Understanding Capacitors
A parallel plate capacitor consists of two conductive plates separated by a certain distance, with an insulating material (dielectric) in between. When connected to a battery, it stores charge (Q) and develops a potential difference (V) across its plates.
Charging and Disconnecting
- When a capacitor is connected to a battery, it charges up to a voltage V.
- Upon disconnecting the battery, the charge (Q) on the plates remains constant because there is no external circuit to allow charge to flow away.
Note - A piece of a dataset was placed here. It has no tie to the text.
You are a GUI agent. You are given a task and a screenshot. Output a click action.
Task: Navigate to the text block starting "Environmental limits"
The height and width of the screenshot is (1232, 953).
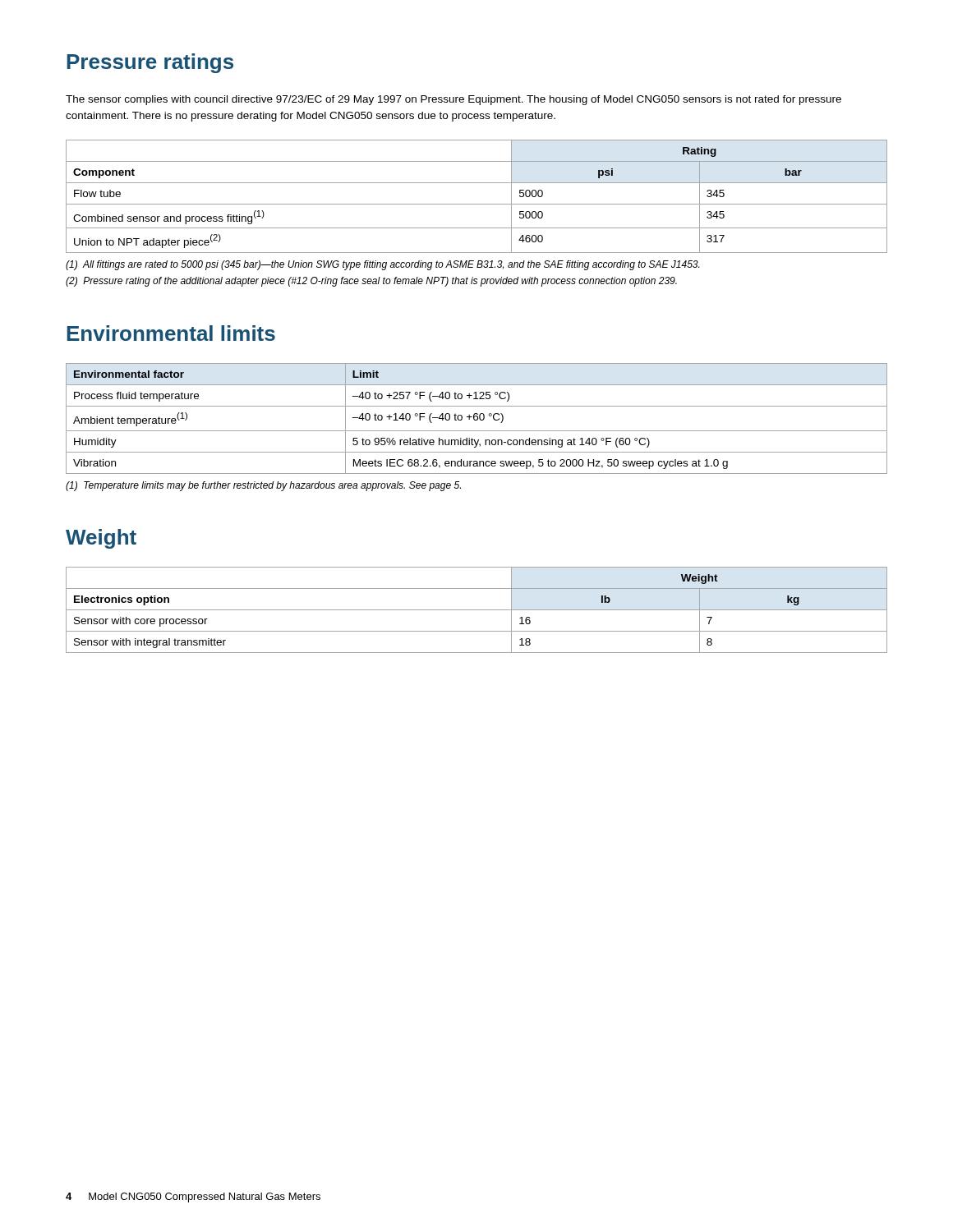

Effect of Increasing Plate Distance
- When the distance (d) between the plates is increased using an insulating handle, the capacitance (C) of the capacitor changes.
- The capacitance of a parallel plate capacitor is given by the formula C = ε0 * A / d, where ε0 is the permittivity of free space and A is the area of the plates.
Capacitance and Voltage Relationship
- Since the capacitor is isolated (disconnected from the battery), the charge (Q) remains constant.
- The relationship between charge (Q), capacitance (C), and voltage (V) is given by Q = C * V.
- When distance (d) increases, capacitance (C) decreases, which leads to an increase in voltage (V) since Q is constant.
Conclusion
- Therefore, as the distance between the plates increases, the potential difference (V) across the plates increases, confirming that the correct answer is option 'C': the potential difference increases.
This behavior is a fundamental characteristic of capacitors and highlights the interplay between charge, capacitance, and voltage.